What we do during surge events
1) Train for judgement, not scripts
Surges put pressure on decision-making. That’s why we invest in training that helps claims handlers recognise vulnerability, respond consistently and not just follow a checklist.
Across CCG, all claims handlers have had specialist training to help them:
- spot common drivers of vulnerability (temporary or ongoing)
- communicate with care and clarity
- record and escalate needs appropriately
- adapt next steps for practical support
Alongside that training, we run an ongoing internal awareness programme including thought leadership pieces, case studies, working groups and refresher learning to keep vulnerability front of mind across different claim scenarios.
This matters because vulnerability isn’t rare, and it isn’t always visible at first notification.
2) Build “tell us once” into the process
One of the biggest sources of harm is repeated disclosure – asking customers to explain sensitive circumstances over and over.
Our goal is to make it easy to disclose needs once, and then make sure that support follows the customer through the journey (including across handovers).
The Chartered Insurance Institute has highlighted the importance of operationalising vulnerability management across the business, with practical focus on consistent data and systems so support is joined up and outcomes can be evidenced.
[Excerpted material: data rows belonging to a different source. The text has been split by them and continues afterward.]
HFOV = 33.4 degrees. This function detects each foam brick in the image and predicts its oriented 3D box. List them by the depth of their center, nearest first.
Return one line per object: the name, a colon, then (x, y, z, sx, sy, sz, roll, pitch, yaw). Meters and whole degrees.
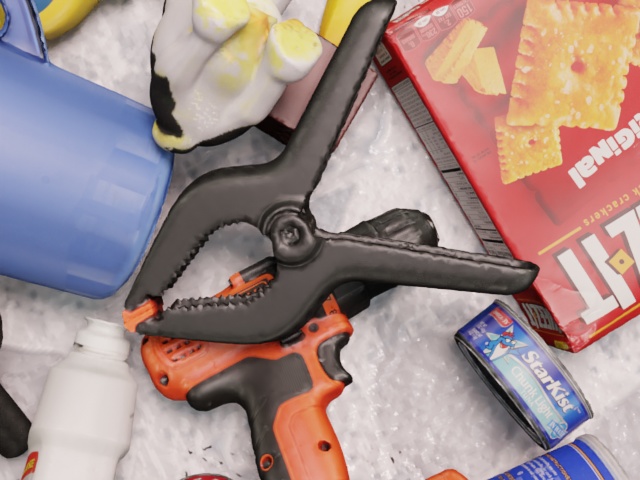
foam brick: (-0.007, -0.080, 0.598, 0.053, 0.078, 0.051, 31, 87, -5)

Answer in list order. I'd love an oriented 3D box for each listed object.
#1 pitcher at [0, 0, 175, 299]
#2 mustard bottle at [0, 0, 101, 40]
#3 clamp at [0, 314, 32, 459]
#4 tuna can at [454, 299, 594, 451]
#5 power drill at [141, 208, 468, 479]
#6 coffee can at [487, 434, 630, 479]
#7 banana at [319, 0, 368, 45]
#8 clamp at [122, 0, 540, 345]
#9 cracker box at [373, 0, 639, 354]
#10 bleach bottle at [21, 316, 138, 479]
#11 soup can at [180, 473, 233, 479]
pitcher: (-0.198, -0.065, 0.537, 0.242, 0.149, 0.145, 20, 54, -20)
mustard bottle: (-0.180, -0.158, 0.592, 0.191, 0.058, 0.096, -1, 92, -5)
clamp: (-0.198, 0.062, 0.561, 0.120, 0.172, 0.039, 18, 51, -16)
tuna can: (0.115, 0.077, 0.607, 0.034, 0.086, 0.086, -38, 94, -2)
power drill: (0.016, 0.085, 0.578, 0.184, 0.057, 0.188, -28, 61, -5)
coffee can: (0.111, 0.184, 0.600, 0.140, 0.103, 0.103, -23, 93, -4)
banana: (0.024, -0.202, 0.609, 0.069, 0.037, 0.198, -9, 107, -15)
clamp: (-0.004, 0.001, 0.550, 0.210, 0.036, 0.164, -35, 92, 9)
cracker box: (0.152, -0.068, 0.615, 0.164, 0.072, 0.213, -31, 94, -3)
bleach bottle: (-0.148, 0.168, 0.590, 0.068, 0.103, 0.251, 14, 83, -15)
soup can: (-0.064, 0.173, 0.585, 0.068, 0.102, 0.068, 0, 91, -5)
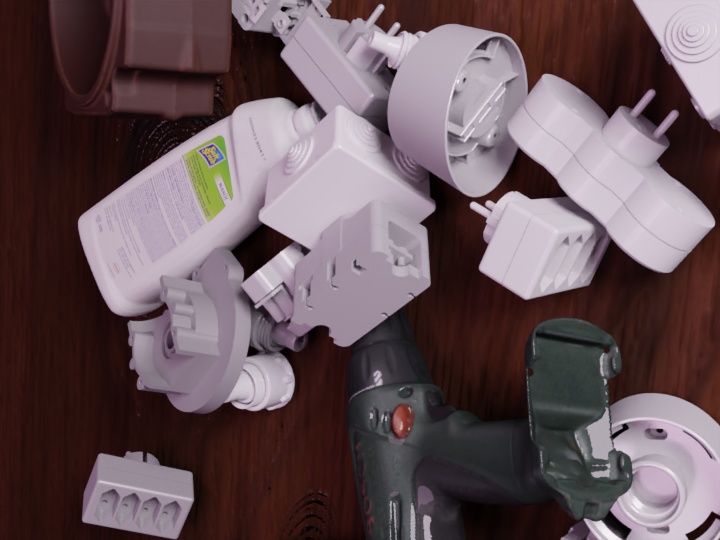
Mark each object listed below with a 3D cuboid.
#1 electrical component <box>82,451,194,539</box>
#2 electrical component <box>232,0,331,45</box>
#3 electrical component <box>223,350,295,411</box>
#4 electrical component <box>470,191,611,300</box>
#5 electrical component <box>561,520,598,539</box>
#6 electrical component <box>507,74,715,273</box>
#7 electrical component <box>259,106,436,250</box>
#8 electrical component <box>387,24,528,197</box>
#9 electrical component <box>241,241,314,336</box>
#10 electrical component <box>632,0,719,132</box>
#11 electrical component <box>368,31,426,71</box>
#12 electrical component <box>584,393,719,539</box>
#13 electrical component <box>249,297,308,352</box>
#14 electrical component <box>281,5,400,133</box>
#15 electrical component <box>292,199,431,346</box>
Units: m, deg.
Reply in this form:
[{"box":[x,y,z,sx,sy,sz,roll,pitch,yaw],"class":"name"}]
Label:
[{"box":[-0.191,0.183,0.929,0.075,0.083,0.047,-109,40,-59],"class":"electrical component"},{"box":[-0.064,-0.199,0.785,0.042,0.064,0.081,-47,67,30],"class":"electrical component"},{"box":[-0.085,0.089,0.837,0.048,0.062,0.048,5,99,37],"class":"electrical component"},{"box":[0.102,-0.024,0.665,0.076,0.083,0.047,34,115,30],"class":"electrical component"},{"box":[0.137,0.193,0.683,0.048,0.055,0.066,33,114,30],"class":"electrical component"},{"box":[0.157,-0.071,0.637,0.138,0.052,0.073,49,121,23],"class":"electrical component"},{"box":[-0.009,-0.055,0.741,0.100,0.100,0.048,-39,35,35],"class":"electrical component"},{"box":[0.066,-0.102,0.675,0.064,0.099,0.099,31,113,38],"class":"electrical component"},{"box":[-0.042,0.011,0.791,0.057,0.078,0.058,51,133,-2],"class":"electrical component"},{"box":[0.192,-0.121,0.577,0.048,0.100,0.099,-32,75,22],"class":"electrical component"},{"box":[0.035,-0.143,0.715,0.035,0.061,0.035,-162,90,-71],"class":"electrical component"},{"box":[0.179,0.127,0.653,0.099,0.064,0.099,3,97,24],"class":"electrical component"},{"box":[-0.068,0.043,0.831,0.062,0.043,0.043,25,110,32],"class":"electrical component"},{"box":[0.000,-0.149,0.752,0.083,0.047,0.075,53,123,20],"class":"electrical component"},{"box":[0.000,0.000,0.721,0.089,0.050,0.055,-39,35,34],"class":"electrical component"}]

3) Put clear escalation routes in place
When a customer is in vulnerable circumstances, the “right” next step can vary and might involve:
- a faster decision
- a different communication approach
- a welfare-led check-in
- prioritised appointment scheduling
- flexibility around temporary solutions
During surges, we make sure teams know: when to escalate, who to escalate to, what options are available and how to record rationale so decisions are consistent.
4) Make supplier journeys feel like one journey
In property claims, suppliers are often part of the experience and during surges, the quality of coordination matters even more.
The FCA’s work on claims handling arrangements notes the value of multi-faceted oversight (like QA checks, journey testing and structured supplier meetings) to proactively identify and address issues in third-party handling.
In plain terms: customers shouldn’t feel bounced around. Even when multiple parties are involved, the customer experience should feel joined up, accountable, and informed. That is where our claims management software Synergy Cloud and our Repair and Supplier Services Teams come into their own!
How technology helps without replacing human care
Good vulnerability support needs two things at the same time: human judgement and flexibility, and a system that makes it easy to capture, share and act on information.
We use our claims platform Synergy Cloud to support this in practice. Every insurer’s approach to vulnerability differs – different indicators, different escalation paths, different customer-service philosophies. That’s why the platform’s vulnerability tooling is designed to be configurable and responsive, rather than forcing a one-size-fits-all model.
For example, the platform supports insurers to hold vulnerability information centrally across brands/lines of business so when a claim arrives, teams can be on the front foot and aware of relevant circumstances before the conversation starts, and able to share learning the other way when new information emerges during the claim.
What customers should experience if it’s working well
If we’re doing this properly, customers in vulnerable circumstances should notice:
- Clarity: what happens next, and when they’ll hear from us
- Continuity: fewer repeated questions and fewer handovers
- Control: choices in channel, pace, and who’s involved
- Care: practical adjustments that reduce stress (not just sympathetic language)
- Confidence: they feel listened to, and decisions are explained clearly
And if things don’t go to plan, the customer should still feel we’re owning the issue, keeping them informed, and putting it right.
Why this matters now
For us, the takeaway is simple: surge conditions are the moment where values and processes are tested. That’s when care has to be designed into every step of the journey – not bolted on afterwards.